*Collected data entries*
● ● ●

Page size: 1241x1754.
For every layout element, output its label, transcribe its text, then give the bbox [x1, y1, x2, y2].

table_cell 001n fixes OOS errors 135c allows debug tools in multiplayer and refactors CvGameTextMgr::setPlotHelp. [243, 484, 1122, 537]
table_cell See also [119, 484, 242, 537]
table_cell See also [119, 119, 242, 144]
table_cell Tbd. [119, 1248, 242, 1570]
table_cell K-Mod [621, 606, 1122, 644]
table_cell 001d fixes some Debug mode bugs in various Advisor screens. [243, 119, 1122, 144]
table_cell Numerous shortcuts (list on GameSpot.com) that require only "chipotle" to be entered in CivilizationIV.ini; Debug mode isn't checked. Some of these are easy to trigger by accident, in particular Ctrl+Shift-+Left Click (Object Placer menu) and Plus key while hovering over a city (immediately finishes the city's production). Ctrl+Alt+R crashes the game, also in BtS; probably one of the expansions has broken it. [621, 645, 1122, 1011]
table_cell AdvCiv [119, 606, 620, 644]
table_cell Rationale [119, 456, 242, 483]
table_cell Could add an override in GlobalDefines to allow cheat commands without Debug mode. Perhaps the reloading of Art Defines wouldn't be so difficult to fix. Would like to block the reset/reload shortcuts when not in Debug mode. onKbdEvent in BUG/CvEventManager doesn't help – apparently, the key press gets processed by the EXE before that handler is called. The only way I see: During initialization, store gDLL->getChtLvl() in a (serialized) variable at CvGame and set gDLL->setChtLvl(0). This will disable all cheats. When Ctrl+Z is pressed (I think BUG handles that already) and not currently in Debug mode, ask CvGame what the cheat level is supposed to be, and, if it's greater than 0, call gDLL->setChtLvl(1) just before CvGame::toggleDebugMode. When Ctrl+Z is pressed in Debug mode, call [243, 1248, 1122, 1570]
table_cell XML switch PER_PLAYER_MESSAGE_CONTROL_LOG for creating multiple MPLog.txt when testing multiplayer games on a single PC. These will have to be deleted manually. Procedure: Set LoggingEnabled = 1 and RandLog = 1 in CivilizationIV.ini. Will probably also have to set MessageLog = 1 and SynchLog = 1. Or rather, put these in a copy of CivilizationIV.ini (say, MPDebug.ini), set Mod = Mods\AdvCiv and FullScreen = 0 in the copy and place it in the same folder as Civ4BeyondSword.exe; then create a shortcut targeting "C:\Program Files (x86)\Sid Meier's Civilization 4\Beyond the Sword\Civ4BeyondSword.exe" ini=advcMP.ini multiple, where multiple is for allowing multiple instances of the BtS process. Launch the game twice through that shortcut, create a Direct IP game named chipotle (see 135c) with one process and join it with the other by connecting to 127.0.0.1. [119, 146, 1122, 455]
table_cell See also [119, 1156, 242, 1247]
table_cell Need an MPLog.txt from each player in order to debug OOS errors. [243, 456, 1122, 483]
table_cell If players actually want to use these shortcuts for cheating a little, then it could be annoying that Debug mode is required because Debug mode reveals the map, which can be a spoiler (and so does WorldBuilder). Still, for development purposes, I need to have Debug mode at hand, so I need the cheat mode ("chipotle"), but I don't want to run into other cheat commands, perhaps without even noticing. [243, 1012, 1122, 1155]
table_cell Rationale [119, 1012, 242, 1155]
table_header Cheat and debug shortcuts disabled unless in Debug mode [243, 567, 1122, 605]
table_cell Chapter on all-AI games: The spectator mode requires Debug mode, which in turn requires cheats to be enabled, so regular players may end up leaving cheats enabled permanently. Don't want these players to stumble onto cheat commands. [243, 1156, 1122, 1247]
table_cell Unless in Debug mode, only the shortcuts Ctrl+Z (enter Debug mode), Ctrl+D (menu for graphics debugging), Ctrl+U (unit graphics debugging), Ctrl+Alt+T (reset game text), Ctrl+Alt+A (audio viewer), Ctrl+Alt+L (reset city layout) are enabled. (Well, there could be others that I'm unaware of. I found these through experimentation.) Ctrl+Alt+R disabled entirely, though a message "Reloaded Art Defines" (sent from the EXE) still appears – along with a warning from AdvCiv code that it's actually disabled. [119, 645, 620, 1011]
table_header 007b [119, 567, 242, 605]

● ● ●

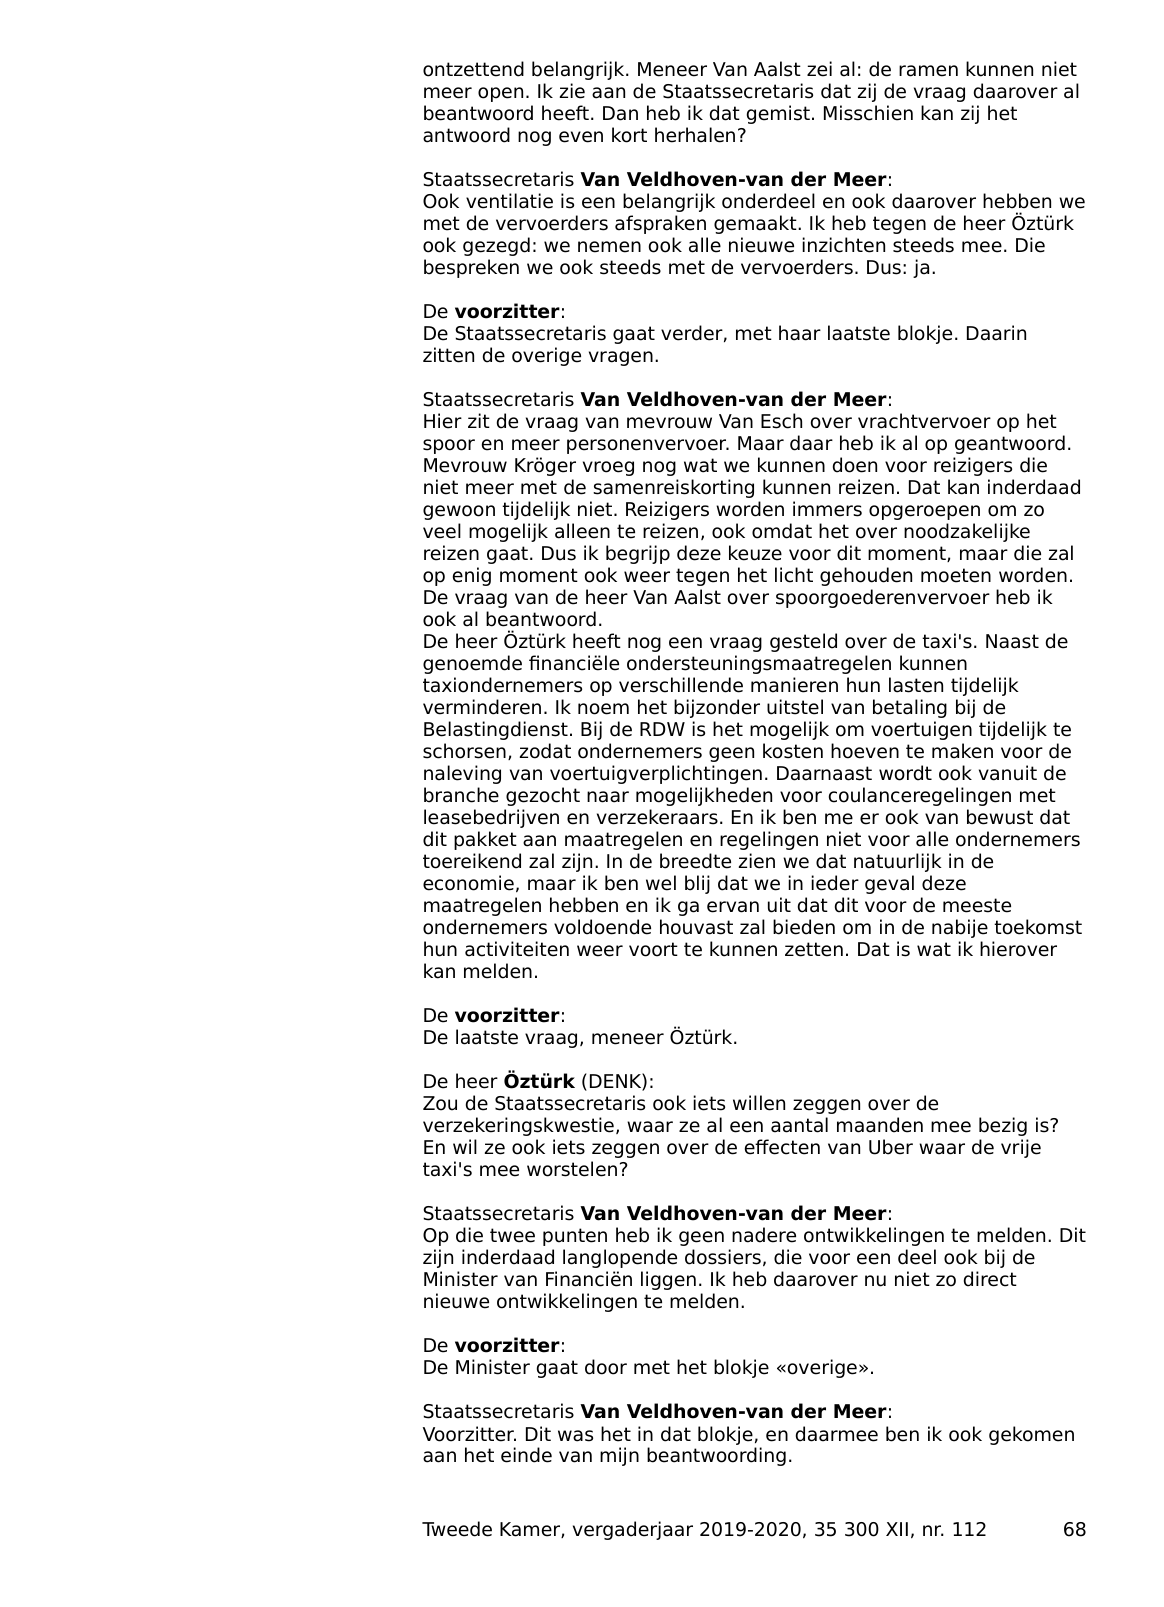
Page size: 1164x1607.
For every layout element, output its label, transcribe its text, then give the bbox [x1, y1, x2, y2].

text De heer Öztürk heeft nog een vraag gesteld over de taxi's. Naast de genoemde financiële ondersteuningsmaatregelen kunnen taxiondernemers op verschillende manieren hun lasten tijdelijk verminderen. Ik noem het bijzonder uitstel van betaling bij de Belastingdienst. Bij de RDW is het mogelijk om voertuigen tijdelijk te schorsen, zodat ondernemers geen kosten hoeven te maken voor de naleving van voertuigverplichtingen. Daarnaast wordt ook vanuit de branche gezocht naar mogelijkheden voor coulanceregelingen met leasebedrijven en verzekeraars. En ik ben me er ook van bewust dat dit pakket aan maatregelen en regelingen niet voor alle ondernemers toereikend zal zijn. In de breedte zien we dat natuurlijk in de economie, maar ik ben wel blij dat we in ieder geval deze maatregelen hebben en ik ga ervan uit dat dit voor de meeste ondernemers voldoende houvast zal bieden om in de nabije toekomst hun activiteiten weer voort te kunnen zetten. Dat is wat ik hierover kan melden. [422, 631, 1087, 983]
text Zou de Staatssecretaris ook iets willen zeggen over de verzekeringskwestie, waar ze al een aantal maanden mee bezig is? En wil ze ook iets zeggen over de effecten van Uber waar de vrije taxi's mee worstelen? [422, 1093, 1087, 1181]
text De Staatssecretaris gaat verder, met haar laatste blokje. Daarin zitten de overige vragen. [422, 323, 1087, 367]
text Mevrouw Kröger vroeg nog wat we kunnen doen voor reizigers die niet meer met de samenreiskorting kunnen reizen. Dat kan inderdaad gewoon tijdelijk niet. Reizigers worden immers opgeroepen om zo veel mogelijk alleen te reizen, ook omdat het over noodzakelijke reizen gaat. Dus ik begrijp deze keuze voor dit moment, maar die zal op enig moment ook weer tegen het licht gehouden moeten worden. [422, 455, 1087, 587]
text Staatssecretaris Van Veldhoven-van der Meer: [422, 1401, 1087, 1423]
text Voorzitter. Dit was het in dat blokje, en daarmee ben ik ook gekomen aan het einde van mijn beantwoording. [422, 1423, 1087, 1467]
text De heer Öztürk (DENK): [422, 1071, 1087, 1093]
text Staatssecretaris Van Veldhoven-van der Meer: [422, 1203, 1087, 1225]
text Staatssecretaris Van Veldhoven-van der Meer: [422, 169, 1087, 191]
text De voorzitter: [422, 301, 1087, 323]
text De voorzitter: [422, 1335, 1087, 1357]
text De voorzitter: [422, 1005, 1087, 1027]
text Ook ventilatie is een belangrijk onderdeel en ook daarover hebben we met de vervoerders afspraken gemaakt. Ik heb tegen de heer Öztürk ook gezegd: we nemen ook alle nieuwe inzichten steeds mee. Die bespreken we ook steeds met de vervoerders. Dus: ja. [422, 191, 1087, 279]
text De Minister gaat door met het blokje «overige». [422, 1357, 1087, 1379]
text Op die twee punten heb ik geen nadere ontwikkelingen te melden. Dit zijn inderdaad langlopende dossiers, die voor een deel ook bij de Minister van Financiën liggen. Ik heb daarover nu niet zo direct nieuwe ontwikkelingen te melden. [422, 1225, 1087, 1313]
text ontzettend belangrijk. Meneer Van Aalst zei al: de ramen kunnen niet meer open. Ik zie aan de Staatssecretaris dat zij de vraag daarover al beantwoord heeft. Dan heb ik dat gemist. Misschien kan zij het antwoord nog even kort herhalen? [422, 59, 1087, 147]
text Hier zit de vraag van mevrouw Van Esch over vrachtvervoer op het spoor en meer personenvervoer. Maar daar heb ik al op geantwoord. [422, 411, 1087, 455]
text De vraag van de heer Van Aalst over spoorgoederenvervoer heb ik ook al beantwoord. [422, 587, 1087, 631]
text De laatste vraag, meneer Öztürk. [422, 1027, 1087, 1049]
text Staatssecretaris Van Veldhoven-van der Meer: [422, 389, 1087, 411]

● ● ●

*Problem requirements*
Begin at the line above that has "Page size: 1241x1754." and stop after the line that has "table_cell Rationale [119, 456, 242, 483]", copying each line exactly and adding nothing else.

*Solution to this exercise*
Page size: 1241x1754.
For every layout element, output its label, transcribe its text, then give the bbox [x1, y1, x2, y2].

table_cell 001n fixes OOS errors 135c allows debug tools in multiplayer and refactors CvGameTextMgr::setPlotHelp. [243, 484, 1122, 537]
table_cell See also [119, 484, 242, 537]
table_cell See also [119, 119, 242, 144]
table_cell Tbd. [119, 1248, 242, 1570]
table_cell K-Mod [621, 606, 1122, 644]
table_cell 001d fixes some Debug mode bugs in various Advisor screens. [243, 119, 1122, 144]
table_cell Numerous shortcuts (list on GameSpot.com) that require only "chipotle" to be entered in CivilizationIV.ini; Debug mode isn't checked. Some of these are easy to trigger by accident, in particular Ctrl+Shift-+Left Click (Object Placer menu) and Plus key while hovering over a city (immediately finishes the city's production). Ctrl+Alt+R crashes the game, also in BtS; probably one of the expansions has broken it. [621, 645, 1122, 1011]
table_cell AdvCiv [119, 606, 620, 644]
table_cell Rationale [119, 456, 242, 483]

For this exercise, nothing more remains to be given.